The minimum fields every journal entry should include
Start with fields that support review quality. If a field will not help you improve a future decision, keep it optional.
| Category | What to record | Why it matters |
|---|---|---|
| Position details | Ticker, strategy, strike, expiry, contracts, entry date | Lets you segment results by setup and instrument. |
| Execution context | Entry price, commissions/fees, order type, fill notes | Separates idea quality from execution quality. |
| Risk plan | Defined risk, max loss assumption, sizing logic, exit plan | Makes risk discipline reviewable after the trade. |
| Thesis | Why you entered, what would confirm/invalidate the trade | Prevents hindsight bias during review. |
| Outcome | Exit date, exit price, result, notes on deviations | Ties process to outcomes without hiding mistakes. |
Track decisions in a review cadence, not just one-off entries
A journal becomes more valuable when it supports recurring review.

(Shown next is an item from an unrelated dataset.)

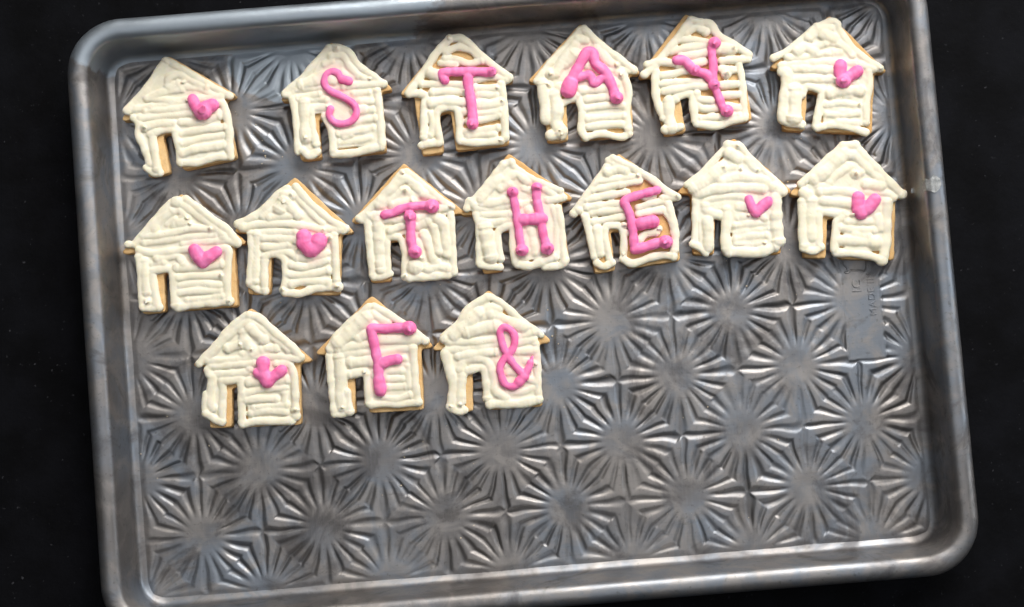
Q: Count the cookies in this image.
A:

Use a weekly review to look for repeated mistakes, strong setups, and process drift.
Use the weekly review checklist alongside this page so your journal data turns into action items.

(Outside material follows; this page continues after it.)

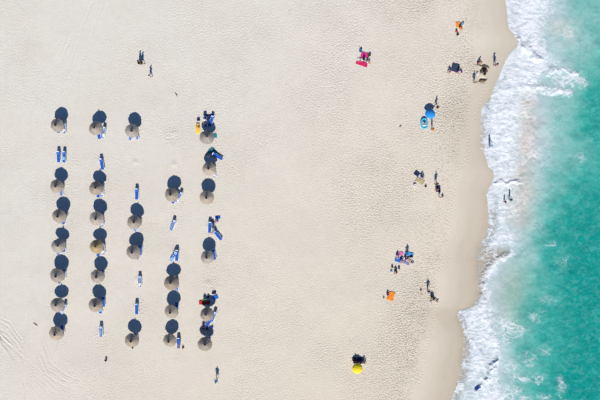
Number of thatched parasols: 27
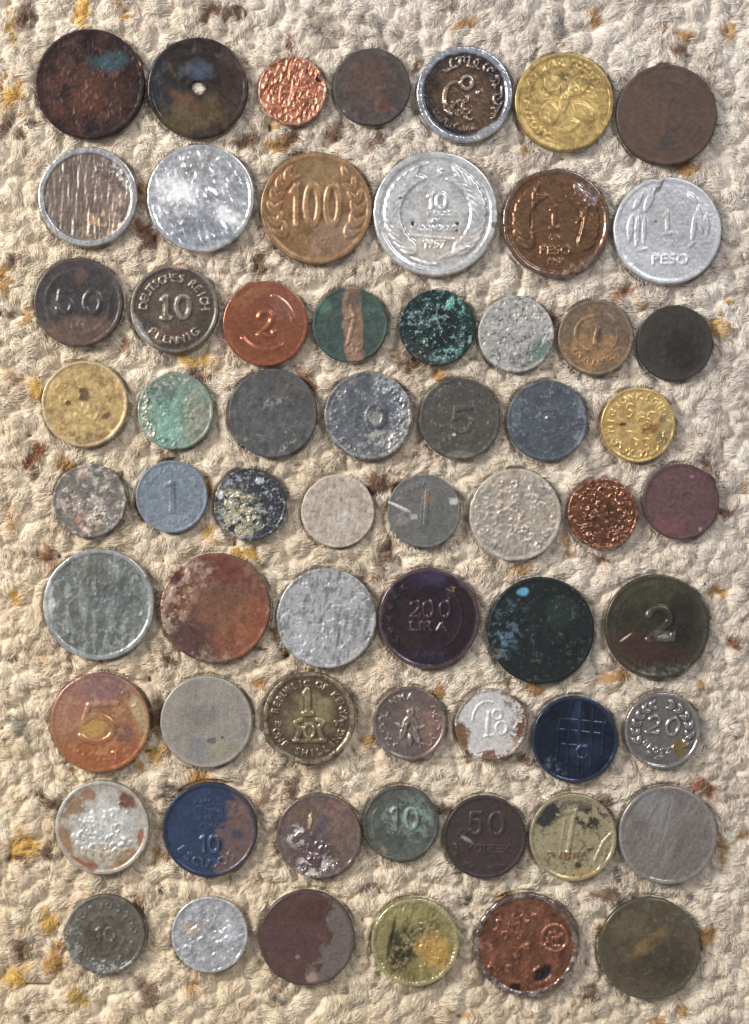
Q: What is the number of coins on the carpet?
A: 62

Common journaling mistakes to avoid
- Recording only P&L and omitting thesis or risk assumptions.
- Using inconsistent tag names, which makes filtering unreliable.
- Writing notes after the trade closes, which introduces hindsight bias.

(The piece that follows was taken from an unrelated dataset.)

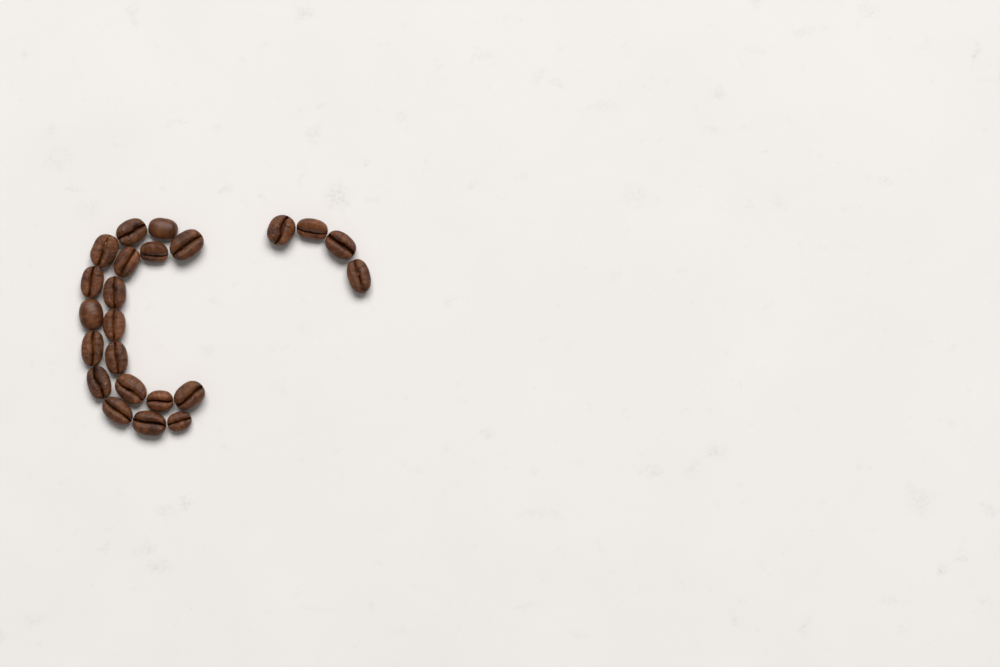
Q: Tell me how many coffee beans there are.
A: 23

- Skipping losing trades because they are uncomfortable to review.
Next guides
Once your journal fields are defined, move to how to track options trades consistently and then add structure with tags and notes.
FAQ
Do I need a long note for every trade?
No. A short, consistent note with entry thesis, risk trigger, and exit condition is usually better than a long note written inconsistently.
Should I track greeks and fundamentals for every trade?
Track the metrics that are relevant to your process. The goal is repeatable review, not maximum data collection.